Exporting Data from BigQuery to Snowflake, the Easy Way
Cloud Data Warehouses
In the past few years, we've seen a rapid growth in the usage of cloud data warehouses (as well as the "warehouse-first" paradigm). Two popular cloud DWH platforms are BigQuery and Snowflake. Check out the chart below to see their evolution over time.
Image: Gartner via Adam Ronthal (@aronthal) on Twitter.
BigQuery, standing at #4 as of 2021, is a fully-managed, serverless data warehouse service offered by Google Cloud Platform (GCP). It enables easy and scalable analysis over petabytes of data and has long been known for its ease of use and maintenance-free nature.
Snowflake, is a similar service offered by the company Snowflake Inc. One of the principal differences is that Snowflake allows you to host the instance in either Amazon Web Services (AWS), Azure (Microsoft) or GCP (Google). This is a great advantage if you are already established in a non-GCP environment.
Exporting and Loading the data
As circumstances have it, it is sometimes necessary or desired to copy data from a BigQuery environment into a Snowflake environment. Let's take a look and break down the various logical steps needed to properly move this data around since neither competing services have an integrated function to easily do this. For the sake of our example, we will assume that our destination Snowflake environment is hosted on AWS.
Step By Step Procedure
In order to migrate data from BigQuery to Snowflake (AWS), these are the essential steps:
- Identify table or query and execute
EXPORT DATA OPTIONS
query to export to Google Cloud Storage (GCS). - Run script in VM or local machine to copy GCS data to Snowflake's Internal Stage. We could also read straight from GCS with a storage integration, but this involves another layer of secure access configuration (which may be preferable for your use case).
- Manually generate
CREATE TABLE
DDL with correct column data types and execute in Snowflake. - Execute a
COPY
query in Snowflake to import staged files. - Optionally clean up (delete) temporary data in GCP and Internal Stage.

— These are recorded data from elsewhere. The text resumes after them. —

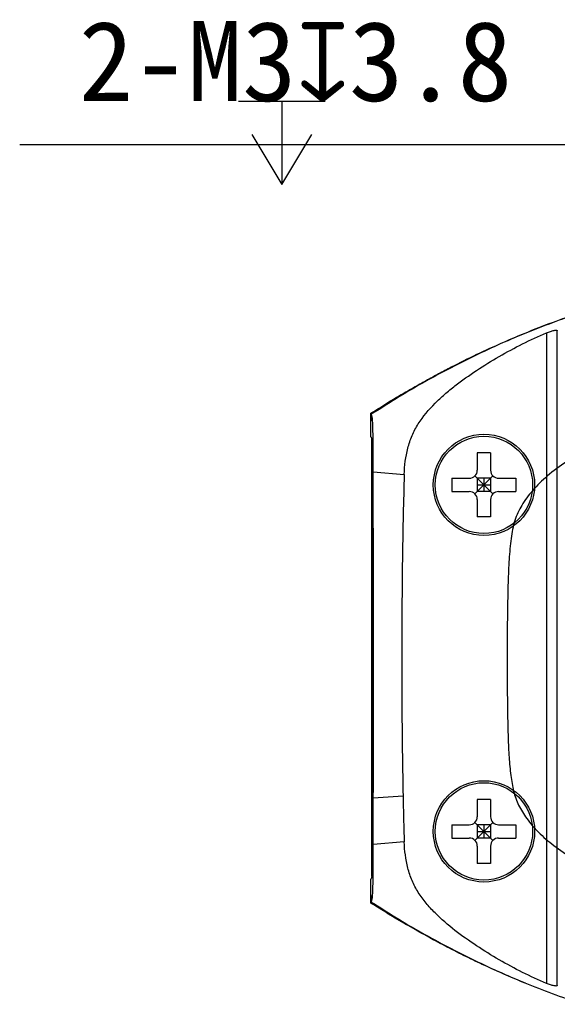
# Model space of a CAD drawing. Header units: millimetres. Extents: x 53 to 279, y 85 to 259.
# Tile 1 of 14: x 106 to 126, y 85 to 122. Entities that reach past the tile are written whole.
import ezdxf

# ---------------------------------------------------------------- set-up
doc = ezdxf.new("R2010")
doc.units = ezdxf.units.MM
doc.header["$LTSCALE"] = 23.1
doc.header["$PDMODE"] = 3
doc.header["$PDSIZE"] = 8
doc.layers.get('0').update_dxf_attribs({"linetype": 'CONTINUOUS'})
doc.layers.get('Defpoints').update_dxf_attribs({"linetype": 'CONTINUOUS'})
for name, color, linetype in [('00_COMPONENTS', 7, 'CONTINUOUS'), ('20_ALL_FEATURES', 7, 'CONTINUOUS'), ('51__DRAFT_DIMS', 7, 'CONTINUOUS')]:
    doc.layers.add(name, color=color, linetype=linetype)
doc.styles.get("Standard").update_dxf_attribs({"font": 'simfang.ttf'})
doc.dimstyles.new('DIMSTYLE_5', dxfattribs={"dimtxt": 3, "dimasz": 3, "dimexe": 2.5, "dimexo": 0.5, "dimtad": 1, "dimdsep": 46, "dimtxsty": 'STANDARD', "dimblk": '_FILLED', "dimblk1": '_FILLED', "dimblk2": '_FILLED', "dimcen": 0.09, "dimclrt": 3, "dimazin": 2, "dimtp": 0.1, "dimtm": 0.1, "dimtfac": 1, "dimtofl": 0, "dimtmove": 0, "dimatfit": 1, "dimldrblk": '_FILLED', "dimfxl": 1, "dimtolj": 1, "dimarcsym": 0})

# ---------------------------------------------------------------- blocks, each defined once
blk = doc.blocks.new('_FILLED')
at = {"color": 0, "linetype": 'ByBlock'}
blk.add_solid([(0, 0), (-1, 0.167), (-1, -0.167)], dxfattribs=at)
blk = doc.blocks.new('*D9')
at = {"layer": '51__DRAFT_DIMS', "color": 0, "lineweight": -2}
for p in [(105.828, 117.153), (140.641, 99.118)]:
    blk.add_line(p, (128.372, 117.153), dxfattribs=at)
at = {"layer": 'Defpoints', "color": 0}
for p in [(140.641, 99.118), (142.329, 96.637)]:
    blk.add_point(p, dxfattribs=at)
at = {"layer": '51__DRAFT_DIMS', "color": 0, "linetype": 'ByBlock', "lineweight": -2, "xscale": 3, "yscale": 3, "zscale": 3, "rotation": 304.2283960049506}
blk.add_blockref('_FILLED', (142.329, 96.637), dxfattribs=at)
at = {"layer": '51__DRAFT_DIMS', "color": 3, "insert": (124.305, 121.778), "char_height": 3, "attachment_point": 3, "line_spacing_factor": 0.9}
blk.add_mtext('\\A1;{2-M3{\\fgdt;x}3.8}', dxfattribs=at)

msp = doc.modelspace()

# ---------------------------------------------------------------- linework, layer by layer
at = {"layer": '00_COMPONENTS'}
for p, q in [((125.997, 85.597), (125.997, 110.158)), ((125.597, 110.083), (125.597, 85.672)), ((119.004, 106.177), (119.004, 107.071)), ((119.017, 106.791), (119.004, 106.782)), ((119.004, 106.177), (119.004, 106.782)), ((119.017, 107.031), (119.017, 106.791)), ((119.037, 89.681), (119.037, 106.074)), ((122.996, 105.577), (122.996, 104.927)), ((123.496, 105.577), (122.996, 105.577)), ((123.496, 105.577), (123.496, 104.927)), ((119.069, 104.926), (119.037, 104.926)), ((119.068, 105.116), (119.069, 104.79)), ((119.093, 104.926), (119.093, 105.042)), ((119.093, 104.87), (119.093, 104.926)), ((119.095, 104.87), (120.255, 104.767)), ((122.046, 104.627), (122.046, 104.127)), ((122.046, 104.627), (122.696, 104.627)), ((122.908, 104.04), (123.584, 104.715)), ((123.584, 104.04), (122.908, 104.715)), ((122.996, 104.627), (122.996, 104.127)), ((123.496, 104.627), (122.996, 104.627)), ((123.246, 104.627), (123.246, 104.127)), ((123.496, 104.627), (123.496, 104.127)), ((123.796, 104.627), (124.446, 104.627)), ((124.446, 104.627), (124.446, 104.127)), ((122.996, 104.377), (123.496, 104.377)), ((122.046, 104.127), (122.696, 104.127)), ((123.496, 104.127), (122.996, 104.127)), ((122.996, 103.827), (122.996, 103.177)), ((123.496, 103.827), (123.496, 103.177)), ((123.796, 104.127), (124.446, 104.127)), ((123.496, 103.177), (122.996, 103.177)), ((119.095, 92.631), (120.212, 92.706)), ((122.996, 92.577), (122.996, 91.927)), ((123.496, 92.577), (122.996, 92.577)), ((123.496, 92.577), (123.496, 91.927)), ((122.046, 91.627), (122.046, 91.127)), ((122.046, 91.627), (122.696, 91.627)), ((122.908, 91.715), (123.584, 91.04)), ((122.908, 91.04), (123.584, 91.715)), ((122.996, 91.627), (122.996, 91.127)), ((123.496, 91.627), (122.996, 91.627)), ((123.246, 91.627), (123.246, 91.127)), ((123.496, 91.627), (123.496, 91.127)), ((123.796, 91.627), (124.446, 91.627)), ((124.446, 91.627), (124.446, 91.127)), ((122.996, 91.377), (123.496, 91.377)), ((119.093, 90.829), (119.093, 90.885)), ((120.255, 90.988), (119.095, 90.885)), ((122.046, 91.127), (122.696, 91.127)), ((123.496, 91.127), (122.996, 91.127)), ((123.796, 91.127), (124.446, 91.127)), ((119.069, 90.829), (119.037, 90.829)), ((119.093, 90.717), (119.093, 90.829)), ((122.996, 90.827), (122.996, 90.177)), ((123.496, 90.827), (123.496, 90.177)), ((123.496, 90.177), (122.996, 90.177)), ((119.004, 88.68), (119.004, 89.578)), ((119.004, 88.973), (119.017, 88.964)), ((119.017, 88.964), (119.017, 88.724))]:
    msp.add_line(p, q, dxfattribs=at)
for centre, radius in [((123.246, 104.377), 1.9), ((123.246, 104.377), 1.825), ((123.246, 91.377), 1.9), ((123.246, 91.377), 1.825)]:
    msp.add_circle(centre, radius, dxfattribs=at)
for centre, radius, start, end in [((122.696, 104.927), 0.3, 270, 360), ((123.796, 104.927), 0.3, 180, 270), ((-4971.344, 97.857), 5090.418, 359.923489, 0.078032), ((122.696, 103.827), 0.3, 0, 90), ((123.796, 103.827), 0.3, 90, 180), ((122.696, 91.927), 0.3, 270, 360), ((123.796, 91.927), 0.3, 180, 270), ((122.696, 90.827), 0.3, 0, 90), ((123.796, 90.827), 0.3, 90, 180)]:
    msp.add_arc(centre, radius, start, end, dxfattribs=at)
at = {"layer": '00_COMPONENTS', "color": 7}
for points, knots in [([(126.986, 110.866), (126.634, 110.754), (125.933, 110.518), (124.899, 110.118), (123.88, 109.681), (122.875, 109.213), (121.885, 108.714), (120.909, 108.186), (119.953, 107.626), (119.338, 107.213), (119.017, 107.031)], [0, 0, 0, 0, 0.125, 0.250002, 0.375005, 0.500007, 0.62501, 0.750011, 0.875008, 1, 1, 1, 1]), ([(119.227, 107.202), (119.38, 107.295), (119.678, 107.493), (120.14, 107.767), (120.607, 108.032), (121.074, 108.296), (121.545, 108.553), (122.178, 108.885), (123.3, 109.44), (124.942, 110.153), (126.285, 110.647), (126.962, 110.88)], [0, 0, 0, 0, 0.062523, 0.125026, 0.187531, 0.250032, 0.312531, 0.375034, 0.500037, 0.750012, 1, 1, 1, 1])]:
    msp.add_open_spline(points, degree=3, knots=knots, dxfattribs=at)
at = {"layer": '00_COMPONENTS'}
for points, knots in [([(125.597, 110.083), (125.646, 110.103), (125.737, 110.137), (125.849, 110.168), (125.923, 110.18), (125.958, 110.181), (125.979, 110.177), (125.992, 110.172), (125.997, 110.164), (125.997, 110.158)], [0, 0, 0, 0, 0.371267, 0.690529, 0.813275, 0.903918, 0.93688, 0.962324, 1, 1, 1, 1]), ([(120.257, 104.767), (120.268, 105.098), (120.324, 105.599), (120.538, 106.23), (120.85, 106.819), (121.283, 107.331), (121.771, 107.781), (122.285, 108.201), (122.963, 108.681), (123.811, 109.203), (124.688, 109.677), (125.291, 109.956), (125.597, 110.083)], [0, 0, 0, 0, 0.12492, 0.187498, 0.250028, 0.374954, 0.437496, 0.500006, 0.624999, 0.749988, 0.875003, 1, 1, 1, 1]), ([(119.089, 105.953), (119.088, 106.069), (119.085, 106.279), (119.079, 106.551), (119.07, 106.742), (119.06, 106.875), (119.044, 106.963), (119.025, 107.014), (119.017, 107.031)], [0, 0, 0, 0, 0.322131, 0.578893, 0.751659, 0.852525, 0.945889, 1, 1, 1, 1]), ([(119.011, 106.163), (119.015, 106.156), (119.035, 106.105), (119.043, 106.05), (119.048, 106.004)], [0, 0, 0, 0, 0.149919, 1, 1, 1, 1]), ([(119.048, 106.004), (119.049, 105.996), (119.053, 105.951), (119.055, 105.907), (119.057, 105.871)], [0, 0, 0, 0, 0.188662, 1, 1, 1, 1]), ([(119.057, 105.871), (119.062, 105.765), (119.067, 105.513), (119.068, 105.262), (119.068, 105.116)], [0, 0, 0, 0, 0.420642, 1, 1, 1, 1]), ([(119.093, 105.042), (119.093, 105.119), (119.092, 105.422), (119.091, 105.726), (119.089, 105.953)], [0, 0, 0, 0, 0.252556, 1, 1, 1, 1]), ([(119.095, 92.631), (119.097, 94.671), (119.098, 98.751), (119.096, 102.83), (119.092, 104.87)], [0, 0, 0, 0, 0.500091, 1, 1, 1, 1]), ([(120.257, 104.767), (120.222, 103.762), (120.182, 101.752), (120.157, 98.737), (120.162, 95.721), (120.191, 93.711), (120.212, 92.706)], [0, 0, 0, 0, 0.249998, 0.500002, 0.75, 1, 1, 1, 1]), ([(119.093, 90.885), (119.093, 91.03), (119.094, 91.612), (119.095, 92.195), (119.095, 92.631)], [0, 0, 0, 0, 0.249762, 1, 1, 1, 1]), ([(120.212, 92.706), (120.218, 92.419), (120.226, 91.99), (120.241, 91.417), (120.252, 91.131), (120.257, 90.988)], [0, 0, 0, 0, 0.500001, 0.749999, 1, 1, 1, 1]), ([(125.597, 85.672), (125.291, 85.799), (124.688, 86.078), (123.811, 86.551), (122.963, 87.074), (122.15, 87.65), (121.517, 88.19), (121.067, 88.679), (120.772, 89.083), (120.538, 89.525), (120.325, 90.156), (120.268, 90.656), (120.257, 90.988)], [0, 0, 0, 0, 0.124979, 0.249978, 0.374949, 0.499924, 0.624897, 0.687419, 0.750003, 0.812524, 0.875098, 1, 1, 1, 1]), ([(119.068, 90.598), (119.068, 90.467), (119.067, 90.239), (119.062, 90.01), (119.058, 89.912)], [0, 0, 0, 0, 0.569851, 1, 1, 1, 1]), ([(119.089, 89.827), (119.09, 89.9), (119.092, 90.197), (119.092, 90.493), (119.093, 90.717)], [0, 0, 0, 0, 0.245637, 1, 1, 1, 1]), ([(119.058, 89.912), (119.056, 89.856), (119.052, 89.774), (119.037, 89.666), (119.022, 89.616), (119.011, 89.592)], [0, 0, 0, 0, 0.517593, 0.755317, 1, 1, 1, 1]), ([(119.017, 88.724), (119.025, 88.742), (119.044, 88.793), (119.061, 88.883), (119.071, 89.02), (119.079, 89.217), (119.086, 89.495), (119.088, 89.709), (119.089, 89.827)], [0, 0, 0, 0, 0.053392, 0.146568, 0.248256, 0.42241, 0.679727, 1, 1, 1, 1]), ([(119.017, 88.724), (119.338, 88.542), (119.953, 88.129), (120.909, 87.569), (121.885, 87.041), (122.875, 86.542), (123.88, 86.073), (124.899, 85.637), (125.933, 85.237), (126.634, 85.001), (126.986, 84.889)], [0, 0, 0, 0, 0.124992, 0.249989, 0.37499, 0.499993, 0.624995, 0.749998, 0.875, 1, 1, 1, 1]), ([(124.803, 85.683), (124.318, 85.88), (123.597, 86.19), (122.652, 86.637), (121.95, 86.988), (121.257, 87.356), (120.688, 87.678), (120.234, 87.937), (119.894, 88.133), (119.56, 88.339), (119.34, 88.48), (119.228, 88.548)], [0, 0, 0, 0, 0.249986, 0.374983, 0.499986, 0.624982, 0.749976, 0.812481, 0.87498, 0.937486, 1, 1, 1, 1]), ([(125.997, 85.597), (125.997, 85.591), (125.992, 85.582), (125.979, 85.578), (125.958, 85.574), (125.923, 85.575), (125.849, 85.587), (125.737, 85.618), (125.646, 85.652), (125.597, 85.672)], [0, 0, 0, 0, 0.037671, 0.063111, 0.096067, 0.18669, 0.309441, 0.62874, 1, 1, 1, 1])]:
    msp.add_open_spline(points, degree=3, knots=knots, dxfattribs=at)
for points in [[(119.004, 107.071), (119.079, 107.113), (119.154, 107.157), (119.227, 107.202)], [(119.004, 106.177), (119.007, 106.173), (119.009, 106.168), (119.011, 106.163)], [(119.069, 91.059), (119.069, 90.905), (119.069, 90.752), (119.068, 90.598)], [(119.011, 89.592), (119.009, 89.587), (119.006, 89.582), (119.004, 89.578)], [(119.228, 88.548), (119.154, 88.594), (119.08, 88.638), (119.004, 88.68)]]:
    msp.add_open_spline(points, degree=3, dxfattribs=at)
at = {"layer": '20_ALL_FEATURES'}
for points, knots in [([(133.38, 107.53), (133.011, 107.537), (132.314, 107.526), (131.288, 107.519), (130.293, 107.248), (129.289, 106.807), (128.232, 106.335), (127.234, 105.81), (126.368, 105.274), (125.638, 104.751), (125.075, 104.198), (124.656, 103.638), (124.37, 103.03), (124.255, 102.336), (124.18, 101.559), (124.148, 100.693), (124.134, 100.088), (124.131, 99.773)], [0, 0, 0, 0, 0.079991, 0.151655, 0.221659, 0.301837, 0.389649, 0.473095, 0.546312, 0.610763, 0.667498, 0.716888, 0.762001, 0.81183, 0.868735, 0.931449, 1, 1, 1, 1]), ([(124.131, 99.773), (124.124, 99.392), (124.115, 98.661), (124.114, 97.607), (124.12, 96.638), (124.132, 95.746), (124.148, 94.926), (124.18, 94.176), (124.245, 93.501), (124.338, 92.895), (124.531, 92.343), (124.856, 91.829), (125.296, 91.314), (125.882, 90.817), (126.59, 90.329), (127.412, 89.837), (128.346, 89.347), (129.345, 88.907), (130.294, 88.442), (131.283, 88.231), (132.298, 88.214), (133, 88.206), (133.371, 88.212)], [0, 0, 0, 0, 0.06486, 0.124506, 0.179417, 0.229958, 0.276449, 0.319001, 0.357718, 0.391968, 0.423167, 0.456601, 0.494824, 0.53818, 0.586951, 0.64118, 0.701206, 0.76635, 0.827347, 0.880373, 0.936923, 1, 1, 1, 1])]:
    msp.add_open_spline(points, degree=3, knots=knots, dxfattribs=at)
at = {"layer": '51__DRAFT_DIMS', "color": 3}
for p, q in [((114.043, 118.778), (117.293, 118.778)), ((115.668, 118.778), (115.668, 115.653))]:
    msp.add_line(p, q, dxfattribs=at)
msp.add_lwpolyline([(114.543, 117.528), (115.668, 115.653), (116.793, 117.528)], dxfattribs=at)

# ---------------------------------------------------------------- dimensions: what is measured, and where the dimension line sits
at = {"layer": '51__DRAFT_DIMS', "color": 4}
dim = msp.add_diameter_dim_2p(p1=(140.641, 99.118), p2=(142.329, 96.637), text='{2-M<>{\\fgdt;x}3.8}', dimstyle='DIMSTYLE_5', override={"dimtih": 1, "dimtoh": 1, "dimpost": '<>'}, dxfattribs=at)
dim.commit()
dim.dimension.update_dxf_attribs({"geometry": '*D9', "text_midpoint": (115.066, 117.153), "dimtype": 163})

doc.saveas('drawing.dxf')

Image: Steps to manually export from BigQuery to Snowflake.
As demonstrated above, there are several steps to make this happen, where independent systems need to be interacted with. This can be cumbersome to automate, especially generating the correct DDL (#3) with the proper column types in the destination system (which I personally find the most burdensome, try doing this for tables with 50+ columns).
Fortunately, there is an easier way to do this, and it is by using a nifty tool called Sling. Sling is a data integration tool which allows easy and efficient movement of data (Extract & Load) from/to Databases and Storage Platforms. There are two ways of using it: Sling CLI & Sling Cloud. We will do the same procedure as above, but only by providing inputs to sling and it will automatically do the intricate steps for us!
Using Sling CLI
If you are a fanatic of the command line, Sling CLI is for you. It is built in go
(which makes it super-fast), and it works with files and databases. It can also work with Unix Pipes (reads standard-input and writes to standard out). We can quickly install it from our shell:
# On Mac
brew install slingdata-io/sling/sling
# On Windows Powershell
scoop bucket add org https://github.com/slingdata-io/scoop-sling.git
scoop install sling
# Using Python Wrapper via pip
pip install sling
Please see here for other installation options (including Linux). There is also a Python wrapper library, which is useful if you prefer interacting with Sling inside of Python.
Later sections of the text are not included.